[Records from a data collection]
↓↓↓
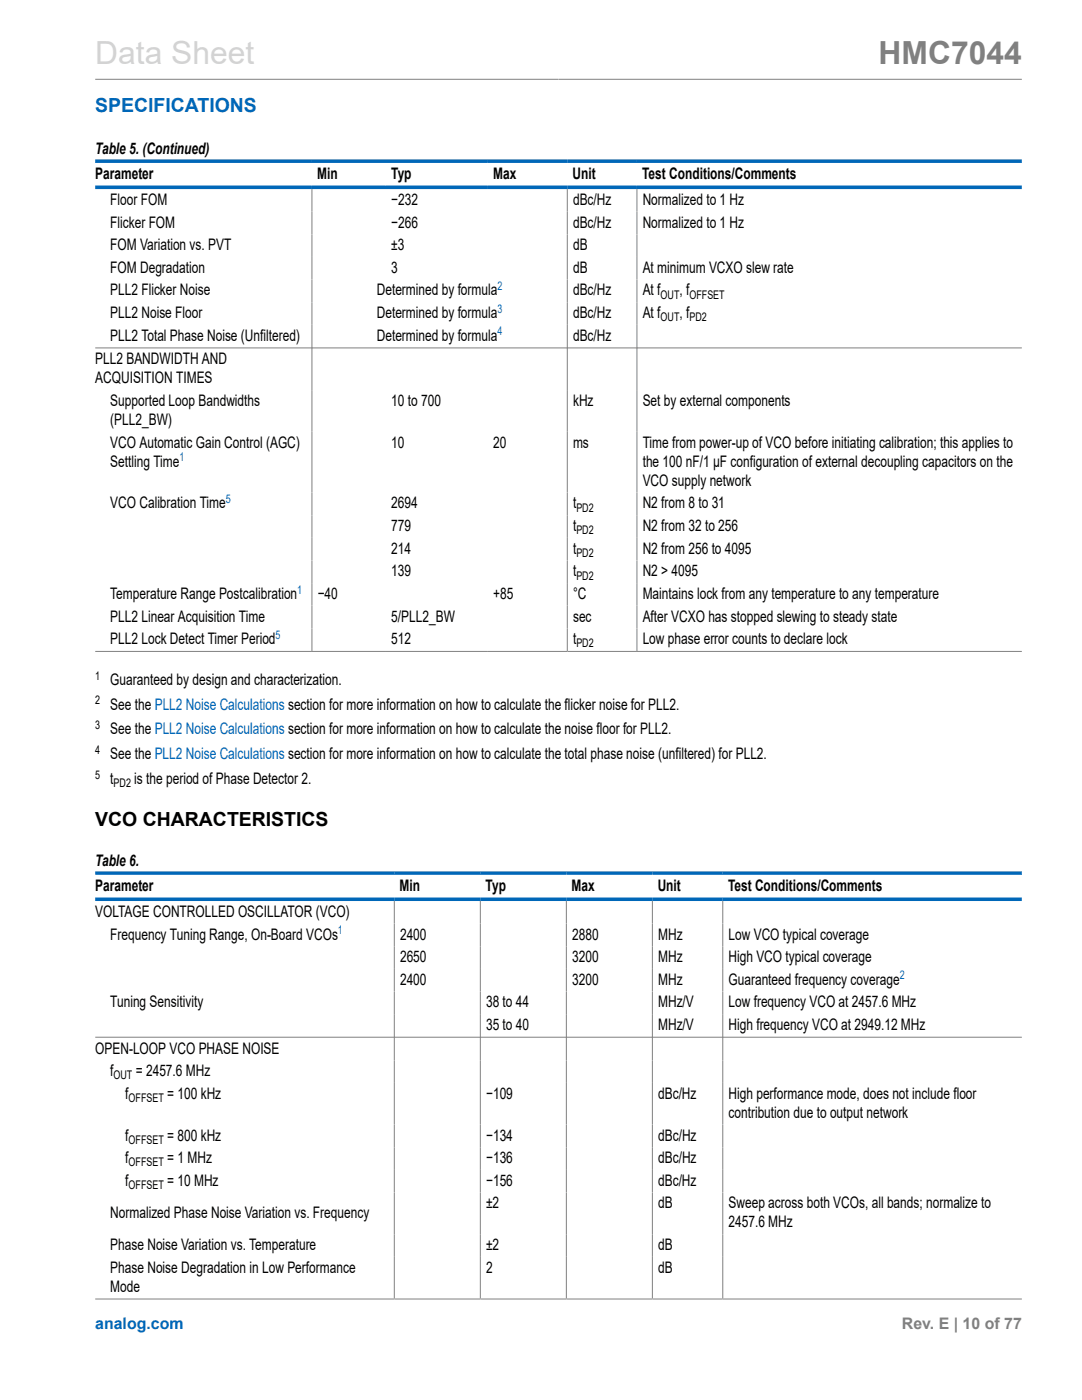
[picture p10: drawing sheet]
<svg xmlns="http://www.w3.org/2000/svg" width="216mm" height="279mm" viewBox="0 0 216 279" stroke-linecap="round" stroke-linejoin="round" font-family="sans-serif">
<defs><g id="words">
<text font-size="6.3" fill="#d3d3d3" x="19" y="12.7">Data Sheet</text>
<text font-size="6.3" fill="#808080" x="175.3" y="12.7">HMC7044</text>
<text font-size="3.9" fill="#0067b8" x="19" y="22.3">SPECIFICATIONS</text>
<text font-size="3.9" x="19" y="164.8">VCO CHARACTERISTICS</text>
<g font-size="3.2">
<text x="19" y="30.8">Table 5. (Continued)</text>
<text x="19" y="35.7">Parameter</text>
<text x="63.3" y="35.7">Min</text>
<text x="78.1" y="35.7">Typ</text>
<text x="98.4" y="35.7">Max</text>
<text x="114.3" y="35.7">Unit</text>
<text x="128.2" y="35.7">Test Conditions/Comments</text>
<text x="22" y="40.9">Floor FOM</text>
<text x="78.1" y="40.9">−232</text>
<text x="114.3" y="40.9">dBc/Hz</text>
<text x="128.2" y="40.9">Normalized to 1 Hz</text>
<text x="22" y="45.4">Flicker FOM</text>
<text x="78.1" y="45.4">−266</text>
<text x="114.3" y="45.4">dBc/Hz</text>
<text x="128.2" y="45.4">Normalized to 1 Hz</text>
<text x="22" y="49.9">FOM Variation vs. PVT</text>
<text x="78.1" y="49.9">±3</text>
<text x="114.3" y="49.9">dB</text>
<text x="22" y="54.5">FOM Degradation</text>
<text x="22" y="59">PLL2 Flicker Noise</text>
<text x="75.2" y="59">Determined by formula</text>
<text x="78.1" y="54.5">3</text>
<text x="114.3" y="54.5">dB</text>
<text x="114.3" y="59">dBc/Hz</text>
<text x="128.2" y="54.5">At minimum VCXO slew rate</text>
<text x="128.2" y="59">At f</text>
<text x="135.6" y="59">, f</text>
<text x="22" y="63.5">PLL2 Noise Floor</text>
<text x="75.2" y="63.5">Determined by formula</text>
<text x="114.3" y="63.5">dBc/Hz</text>
<text x="128.2" y="63.5">At f</text>
<text x="135.6" y="63.5">, f</text>
<text x="22" y="68">PLL2 Total Phase Noise (Unfiltered)</text>
<text x="75.2" y="68">Determined by formula</text>
<text x="114.3" y="68">dBc/Hz</text>
<text x="19" y="72.7">PLL2 BANDWIDTH AND</text>
<text x="19" y="76.5">ACQUISITION TIMES</text>
<text x="22" y="81">Supported Loop Bandwidths</text>
<text x="78.1" y="81">10 to 700</text>
<text x="114.3" y="81">kHz</text>
<text x="128.2" y="81">Set by external components</text>
<text x="22" y="84.8">(PLL2_BW)</text>
<text x="22" y="89.3">VCO Automatic Gain Control (AGC)</text>
<text x="78.1" y="89.3">10</text>
<text x="98.4" y="89.3">20</text>
<text x="114.3" y="89.3">ms</text>
<text x="128.2" y="89.3">Time from power-up of VCO before initiating calibration; this applies to</text>
<text x="22" y="93.2">Settling Time</text>
<text x="128.2" y="93.2">the 100 nF/1 μF configuration of external decoupling capacitors on the</text>
<text x="22" y="101.5">VCO Calibration Time</text>
<text x="78.1" y="101.5">2694</text>
<text x="114.3" y="101.5">t</text>
<text x="128.2" y="101.5">N2 from 8 to 31</text>
<text x="128.2" y="97">VCO supply network</text>
<text x="78.1" y="106">779</text>
<text x="114.3" y="106">t</text>
<text x="128.2" y="106">N2 from 32 to 256</text>
<text x="78.1" y="110.5">214</text>
<text x="114.3" y="110.5">t</text>
<text x="128.2" y="110.5">N2 from 256 to 4095</text>
<text x="22" y="119.5">Temperature Range Postcalibration</text>
<text x="63.4" y="119.5">−40</text>
<text x="78.1" y="115">139</text>
<text x="98.4" y="119.5">+85</text>
<text x="114.3" y="115">t</text>
<text x="114.3" y="119.5">°C</text>
<text x="128.2" y="115">N2 &gt; 4095</text>
<text x="128.2" y="119.5">Maintains lock from any temperature to any temperature</text>
<text x="22" y="124.1">PLL2 Linear Acquisition Time</text>
<text x="78.1" y="124.1">5/PLL2_BW</text>
<text x="114.3" y="124.1">sec</text>
<text x="128.2" y="124.1">After VCXO has stopped slewing to steady state</text>
<text x="22" y="128.6">PLL2 Lock Detect Timer Period</text>
<text x="78.1" y="128.6">512</text>
<text x="114.3" y="128.6">t</text>
<text x="128.2" y="128.6">Low phase error counts to declare lock</text>
<text x="22" y="136.7">Guaranteed by design and characterization.</text>
<text x="22" y="141.6">See the PLL2 Noise Calculations section for more information on how to calculate the flicker noise for PLL2.</text>
<text x="22" y="146.6">See the PLL2 Noise Calculations section for more information on how to calculate the noise floor for PLL2.</text>
<text x="22" y="151.5">See the PLL2 Noise Calculations section for more information on how to calculate the total phase noise (unfiltered) for PLL2.</text>
<text x="22" y="156.5">t</text>
<text x="26.8" y="156.5">is the period of Phase Detector 2.</text>
<text x="19" y="172.9">Table 6.</text>
<text x="19" y="177.8">Parameter</text>
<text x="79.7" y="177.8">Min</text>
<text x="96.9" y="177.8">Typ</text>
<text x="114.1" y="177.8">Max</text>
<text x="131.2" y="177.8">Unit</text>
<text x="145.3" y="177.8">Test Conditions/Comments</text>
<text x="19" y="183">VOLTAGE CONTROLLED OSCILLATOR (VCO)</text>
<text x="22" y="187.5">Frequency Tuning Range, On-Board VCOs</text>
<text x="79.8" y="187.5">2400</text>
<text x="114.2" y="187.5">2880</text>
<text x="131.3" y="187.5">MHz</text>
<text x="145.4" y="187.5">Low VCO typical coverage</text>
<text x="79.8" y="192">2650</text>
<text x="79.8" y="196.5">2400</text>
<text x="114.2" y="192">3200</text>
<text x="114.2" y="196.5">3200</text>
<text x="131.3" y="192">MHz</text>
<text x="131.3" y="196.5">MHz</text>
<text x="145.4" y="192">High VCO typical coverage</text>
<text x="145.4" y="196.5">Guaranteed frequency coverage</text>
<text x="22" y="201.1">Tuning Sensitivity</text>
<text x="97" y="201.1">38 to 44</text>
<text x="131.3" y="201.1">MHz/V</text>
<text x="145.4" y="201.1">Low frequency VCO at 2457.6 MHz</text>
<text x="97" y="205.6">35 to 40</text>
<text x="131.3" y="205.6">MHz/V</text>
<text x="145.4" y="205.6">High frequency VCO at 2949.12 MHz</text>
<text x="19" y="210.3">OPEN-LOOP VCO PHASE NOISE</text>
<text x="22" y="214.8">f</text>
<text x="27.1" y="214.8">= 2457.6 MHz</text>
<text x="25" y="219.3">f</text>
<text x="33.4" y="219.3">= 100 kHz</text>
<text x="97" y="219.3">−109</text>
<text x="131.3" y="219.3">dBc/Hz</text>
<text x="145.4" y="219.3">High performance mode, does not include floor</text>
<text x="25" y="227.6">f</text>
<text x="33.4" y="227.6">= 800 kHz</text>
<text x="97" y="227.6">−134</text>
<text x="131.3" y="227.6">dBc/Hz</text>
<text x="145.4" y="223.1">contribution due to output network</text>
<text x="25" y="232.1">f</text>
<text x="33.4" y="232.1">= 1 MHz</text>
<text x="97" y="232.1">−136</text>
<text x="131.3" y="232.1">dBc/Hz</text>
<text x="25" y="236.6">f</text>
<text x="33.4" y="236.6">= 10 MHz</text>
<text x="97" y="236.6">−156</text>
<text x="131.3" y="236.6">dBc/Hz</text>
<text x="22" y="243.1">Normalized Phase Noise Variation vs. Frequency</text>
<text x="97" y="241.2">±2</text>
<text x="131.3" y="241.2">dB</text>
<text x="145.4" y="241.2">Sweep across both VCOs, all bands; normalize to</text>
<text x="145.4" y="245">2457.6 MHz</text>
<text x="22" y="249.5">Phase Noise Variation vs. Temperature</text>
<text x="97" y="249.5">±2</text>
<text x="131.3" y="249.5">dB</text>
<text x="22" y="254">Phase Noise Degradation in Low Performance</text>
<text x="22" y="257.8">Mode</text>
<text x="97" y="254">2</text>
<text x="131.3" y="254">dB</text>
</g>
<text font-size="3.2" fill="#0067b8" x="19" y="265.3">analog.com</text>
<text font-size="3.2" fill="#808080" x="180" y="265.3">Rev. E | 10 of 77</text>
<g font-size="2.4" fill="#0067b8">
<text x="99.3" y="57.9">2</text>
<text x="99.3" y="62.4">3</text>
<text x="99.3" y="66.9">4</text>
<text x="35.8" y="92.1">1</text>
<text x="45.1" y="100.4">5</text>
<text x="59.3" y="118.5">1</text>
<text x="55" y="127.5">5</text>
<text x="67.4" y="186.4">1</text>
<text x="179.5" y="195.5">2</text>
</g>
<g font-size="2.4">
<text x="131.8" y="59.6">OUT</text>
<text x="137.6" y="59.6">OFFSET</text>
<text x="131.8" y="64.1">OUT</text>
<text x="137.6" y="64.1">PD2</text>
<text x="115" y="102.1">PD2</text>
<text x="115" y="106.6">PD2</text>
<text x="115" y="111.1">PD2</text>
<text x="115" y="115.7">PD2</text>
<text x="115" y="129.2">PD2</text>
<text x="19" y="135.6">1</text>
<text x="19" y="140.6">2</text>
<text x="19" y="145.5">3</text>
<text x="19" y="150.5">4</text>
<text x="19" y="155.4">5</text>
<text x="22.7" y="157.1">PD2</text>
<text x="22.7" y="215.4">OUT</text>
<text x="25.7" y="219.9">OFFSET</text>
<text x="25.7" y="228.3">OFFSET</text>
<text x="25.7" y="232.8">OFFSET</text>
<text x="25.7" y="237.3">OFFSET</text>
</g>
</g></defs>
<g fill="none" stroke="#808080" stroke-width=".2">
<path d="M19 15.8h184.9M62.2 37.7v92.2M113.2 37.7v92.2M127.1 37.7v92.2M19 69.4h184.9M19 130h184.9M78.7 179.8v79.4M95.8 179.8v79.4M113 179.8v79.4M130.2 179.8v79.4M144.2 179.8v79.4M19 207h184.9"/>
<path d="M19 259.2h184.9"/>
</g>
<path d="M19 32.2h184.9M19 37.4h184.9M19 174.2h184.9M19 179.5h184.9" fill="none" stroke="#0067b8" stroke-width=".71"/>
<use href="#words"/>
</svg>
↑↑↑
• What this task involves
Whichever lines of the records above hold the word "Conditions" should all be copied out.

• Exercise solution
<text x="128.2" y="35.7">Test Conditions/Comments</text>
<text x="145.3" y="177.8">Test Conditions/Comments</text>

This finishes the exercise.